A unison-vector in the "pure" sense is an interval which is not an actual unison. It is an interval with a real pitch difference by however small or large an amount. at least as often as not, it is a rational interval.

The essential concepts embodied in the term "unison-vector", are these:

• The sonic foundation from which a tuning system is derived, is a theoretically infinite lattice of pitches, arranged as coordinates along axes according to the prime-factorization of the frequency-ratios of the pitches, where axes represent primes, and steps along those axes represent increments of the exponent of those prime-factors, postive or negative;
• A particular tuning system is a subset of that infinite source lattice, and may be modeled as a geometric shape, typcially a parallogram/parallelpiped;
• That shape is a periodicity-block, which is a cell or kernel enclosing a certain area of the lattice and containing a certain number (cardinality) of pitches, and whose shape may be repeated ad infinitum to fill the lattice;
• There is some interval between a note within the periodicity-block and a note similar in pitch whicih lies outside the block, and this interval is smaller than any of the intervals between the degrees of the tuning system -- this small interval is the actual unison-vector.
• The unison-vector is responsible for the finity of the tuning system, by linking the notes inside the block to those related notes outside of it, acting as a sort of "bridge";
• The prime-space vector (monzo) of this interval also describes the shape of two parallel edges of the periodicity-block on the lattice -- and the angles of these vectors usually do not follow the taxicab metric along the prime-axes and the lines parallel to those axes -- thus, the sloping angles of the parallelogram.

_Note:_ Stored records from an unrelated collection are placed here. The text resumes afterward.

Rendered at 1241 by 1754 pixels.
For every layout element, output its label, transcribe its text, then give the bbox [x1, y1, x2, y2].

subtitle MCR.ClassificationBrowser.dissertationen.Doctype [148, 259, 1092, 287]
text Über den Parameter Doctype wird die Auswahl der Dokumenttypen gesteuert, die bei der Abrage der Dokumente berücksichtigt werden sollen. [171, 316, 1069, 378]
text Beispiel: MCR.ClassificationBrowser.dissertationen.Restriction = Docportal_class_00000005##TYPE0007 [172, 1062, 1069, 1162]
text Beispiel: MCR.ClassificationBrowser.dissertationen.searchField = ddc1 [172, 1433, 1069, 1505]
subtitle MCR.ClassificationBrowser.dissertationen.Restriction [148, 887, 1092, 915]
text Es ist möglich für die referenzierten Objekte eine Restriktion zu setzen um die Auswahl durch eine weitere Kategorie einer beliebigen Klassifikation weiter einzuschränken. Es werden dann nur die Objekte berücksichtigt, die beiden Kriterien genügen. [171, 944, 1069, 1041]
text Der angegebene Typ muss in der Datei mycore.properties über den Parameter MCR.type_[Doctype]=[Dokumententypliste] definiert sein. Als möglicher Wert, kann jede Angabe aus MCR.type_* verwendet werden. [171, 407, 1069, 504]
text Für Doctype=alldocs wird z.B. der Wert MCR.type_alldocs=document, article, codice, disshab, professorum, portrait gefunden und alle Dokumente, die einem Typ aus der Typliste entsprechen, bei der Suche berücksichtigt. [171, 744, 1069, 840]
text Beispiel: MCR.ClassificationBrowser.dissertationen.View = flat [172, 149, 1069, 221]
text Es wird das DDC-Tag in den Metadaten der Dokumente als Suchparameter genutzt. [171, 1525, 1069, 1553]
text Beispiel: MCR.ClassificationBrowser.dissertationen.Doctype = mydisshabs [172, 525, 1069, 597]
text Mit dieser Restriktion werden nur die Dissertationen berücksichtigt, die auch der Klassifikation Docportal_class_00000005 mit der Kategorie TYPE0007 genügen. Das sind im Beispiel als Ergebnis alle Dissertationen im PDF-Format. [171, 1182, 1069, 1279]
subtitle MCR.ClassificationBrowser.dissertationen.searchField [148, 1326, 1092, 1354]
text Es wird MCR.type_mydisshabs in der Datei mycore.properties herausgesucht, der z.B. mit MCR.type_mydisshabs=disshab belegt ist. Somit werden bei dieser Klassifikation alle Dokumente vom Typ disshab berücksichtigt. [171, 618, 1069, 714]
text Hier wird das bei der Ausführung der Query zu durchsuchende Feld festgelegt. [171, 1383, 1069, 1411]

Now, venturing into my own terminology ...

There is also a specific type of unison-vector called a "xenharmonic-bridge", which links a note within the periodicity-block of a certain prime-space, to one which lies not only in another "tiling" of the periodicity-block, but also in a different prime-space.

I coined this term, but Fokker often invoked the septimal-kleisma in precisely the way i describe here -- to make singers become familiar with the 5-limit just intonation "augmented-6th", then have them use it as a "target pitch" when he notates a harmonic-7th in his compositions. This was at least as early as his 1949 English book on singing JI.

The unison-vector has, within the past couple of years, also been referred to as a "comma", a usage which i personally do not encourage, because "comma" has already had a millennia-long established meaning, as an interval of about 12 to 35 cents.

A unison-vector certainly may be a "real" comma ... for example, the syntonic-comma (ratio 81:80 = 2,3,5-monzo [-4 4, -1> = ~ 21.5 cents) definitely does exist in theory in 5-limit just intonation.

In theory and in practice, a unison-vector may be tempered-out ("vanish"), ignored, or deliberately used as a valid scale degree (or "step"), either to play around with a listener's expectations, or to secure exact just intonation with commatic drift.

A unison-vector's multiples, both positive and negative, are all equivalent to it. thus they may be modeled geometrically as a line cutting across the lattice.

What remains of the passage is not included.